PARTIE 3 : Vécu de l'orphelinage et conditions de sortie

7. Vécu et prise en charge des orphelins placés aujourd’hui Nous venons de le voir, la prise en charge des orphelins, même si elle montre certaines spécificités en

7.1. Des vécus différenciés en fonction des liens antérieurs aux parents décédés et des causes de décès

7.1.3. Les jeunes nés à l’étranger

Le vécu de l’orphelinage a été encore plus difficile à aborder lors des entretiens avec les jeunes nés à l’étranger, pour les raisons méthodologiques évoquées précédemment.
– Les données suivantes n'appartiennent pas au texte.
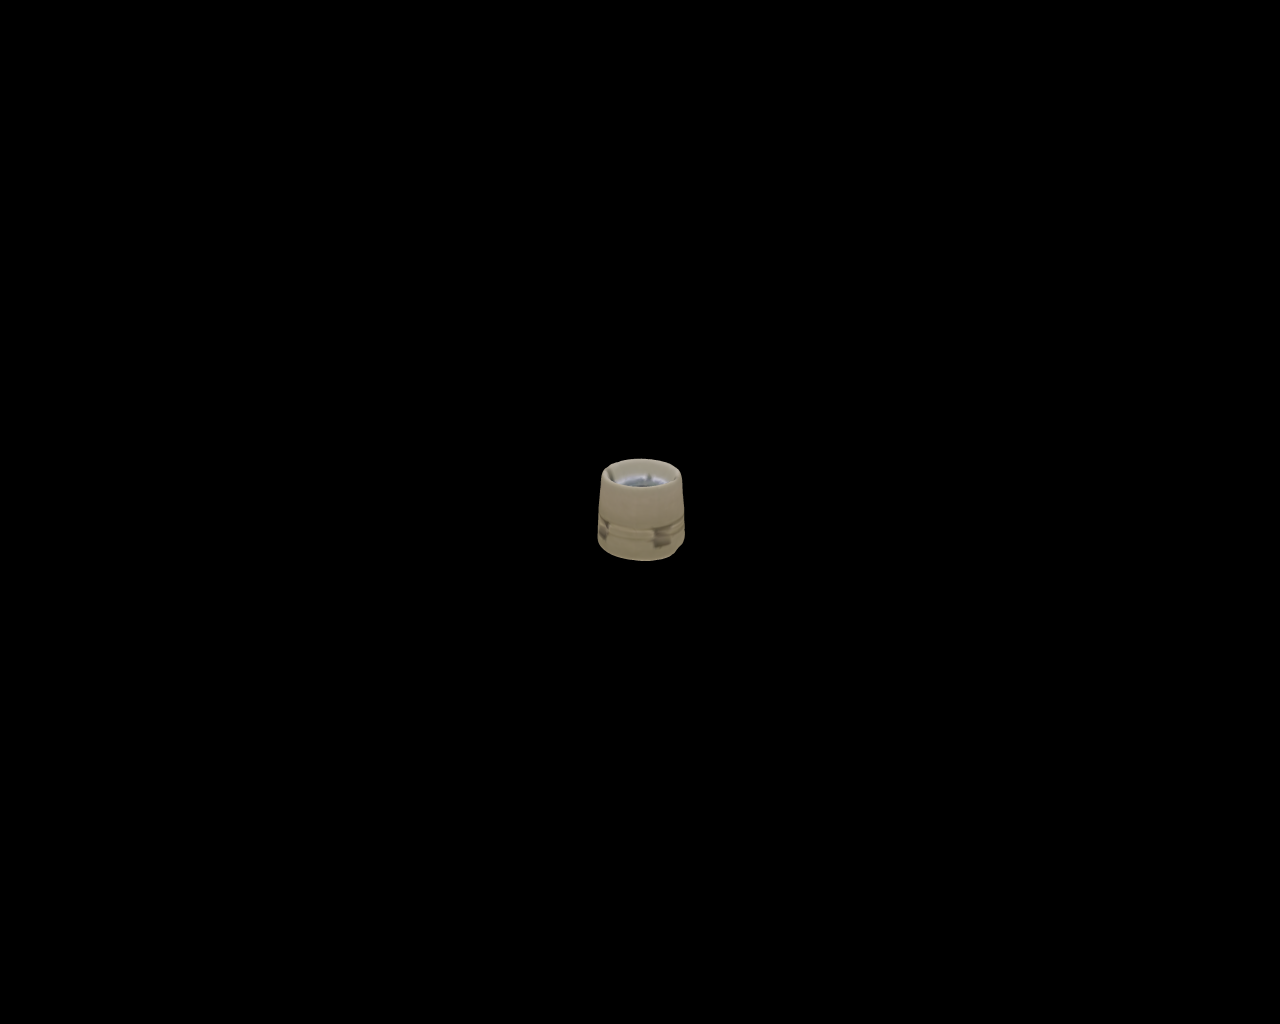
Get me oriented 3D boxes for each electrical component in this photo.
[{"bbox_3d":[0.001,-0.003,0.650,0.055,0.047,0.055,0,24,0],"label":"electrical component"}]

Il ne sera donc pas possible ici de présenter une analyse exhaustive de leur vécu. Néanmoins, nous avons pu relever que les discours des jeunes nés à l’étranger sur le décès des parents et leur vécu de l’orphelinage présentent quelques spécificités, liées aux contextes de décès des parents. En effet, qu’ils soient arrivés en migration accompagnée ou en migration isolée, nous avons vu que les causes de décès des parents étaient de deux ordres : soit elles étaient liées à un contexte politique et de guerre ayant souvent entraîné des morts violentes ou des incertitudes sur le devenir de certains parents ; soit elles étaient liées à des causes naturelles dans les pays d’origine dans lesquels l’espérance de vie générale est faible et l’accès aux soins difficile.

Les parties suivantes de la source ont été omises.